Shifting to fixed income, we prefer high-yield credit, including private credit over high-grade credit. This is underpinned by factors such as declining interest rates, robust corporate & bank balance sheets and low systemic risk perceived for credit. A likely revival in credit growth led by private capex may lead to more supply of papers in the space. A tactical opportunity is also available for duration play looking at the elevated term spreads.

In alternatives and hybrids space, we find REITs & InvITs reasonably attractive at this point. Both in the listed as well as unlisted space depending on the risk appetite. A structurally declining interest rate outlook and growing supply of high quality infra and real estate provide investors good choices in this space. Regulatory support and pools of capital coming in the space further support the outlook.

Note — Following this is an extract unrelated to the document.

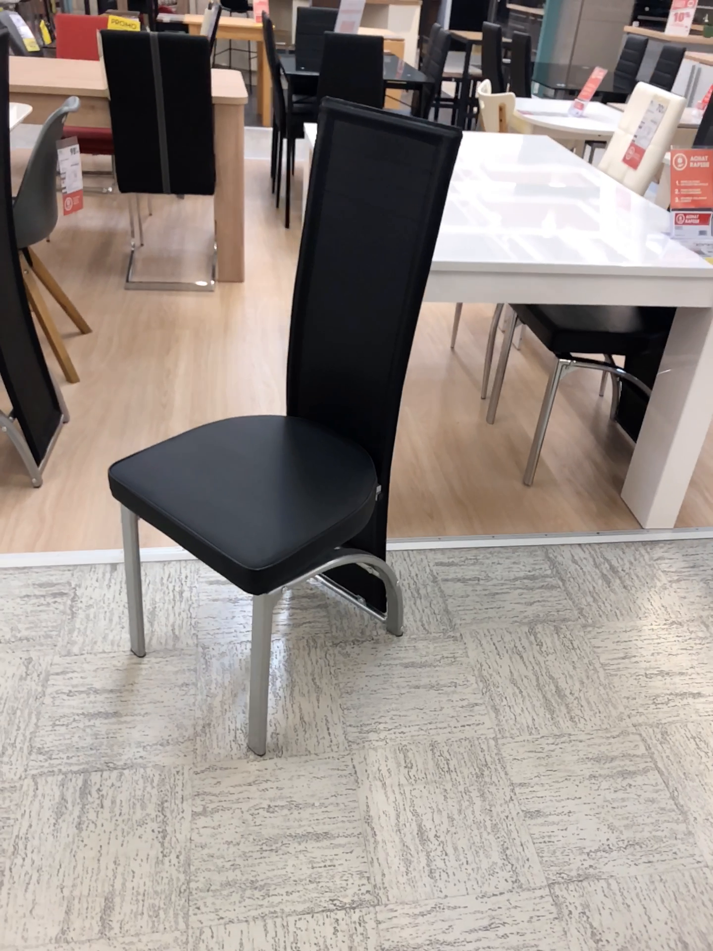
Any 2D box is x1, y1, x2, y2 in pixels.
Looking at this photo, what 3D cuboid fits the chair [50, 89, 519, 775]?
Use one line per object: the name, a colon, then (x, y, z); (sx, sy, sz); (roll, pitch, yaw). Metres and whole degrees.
chair: (-0.124, -0.080, 1.383); (0.450, 1.013, 0.493); (28, 39, 31)

We have been advising clients to diversify their portfolios by investing abroad for the last few years. This becomes increasingly relevant in the current scenario of Indian rupee devaluation.

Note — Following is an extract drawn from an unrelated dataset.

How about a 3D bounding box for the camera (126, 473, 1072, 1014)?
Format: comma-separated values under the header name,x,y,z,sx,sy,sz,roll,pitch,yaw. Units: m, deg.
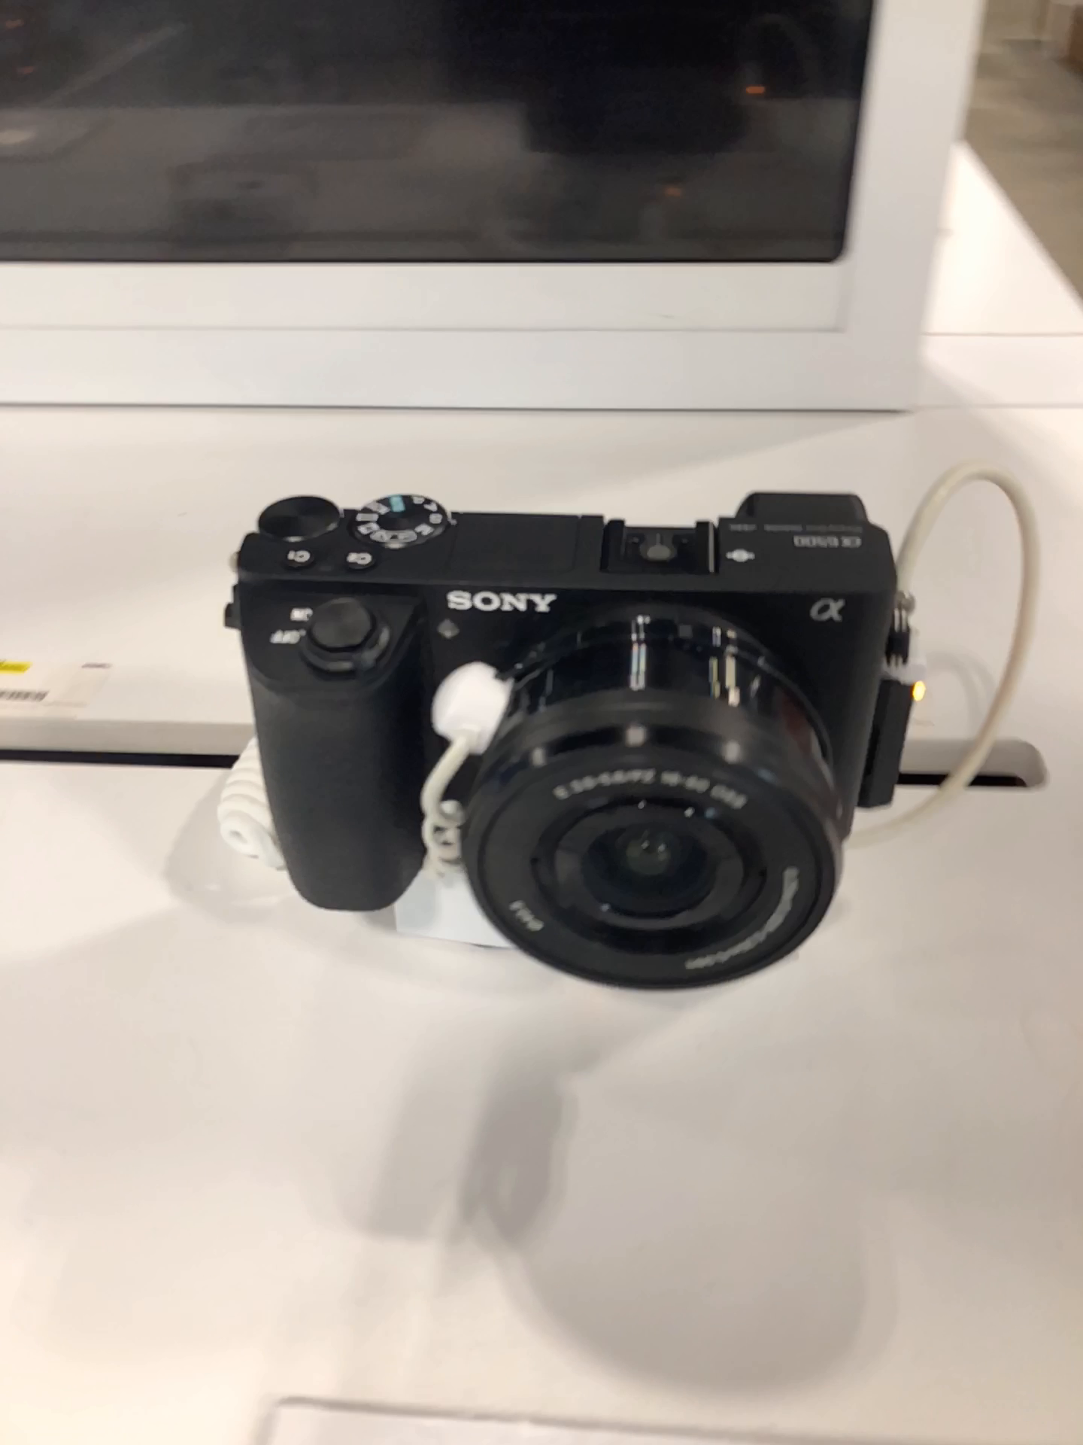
name,x,y,z,sx,sy,sz,roll,pitch,yaw
camera,0.009,0.002,0.226,0.140,0.070,0.070,1,39,3

Are you seeing any shift in client behaviour — from public markets to private assets or from growth to capital-preservation strategies?

We are observing a migration of capital from public markets into private assets, driven primarily by quest for alpha. This migration is a clear indicator of the market's increasing maturity and evolving profile of the investor base.

As wealth levels rise and the next generation of entrepreneurs assumes control of family wealth, there is an increased propensity and willingness to take incremental, calculated risks in pursuit of outsized returns. Given the elevated valuations observed in listed equity markets, private assets offer compelling, alpha-generating opportunities that exhibit low correlation with traditional asset classes, enhancing overall portfolio diversification.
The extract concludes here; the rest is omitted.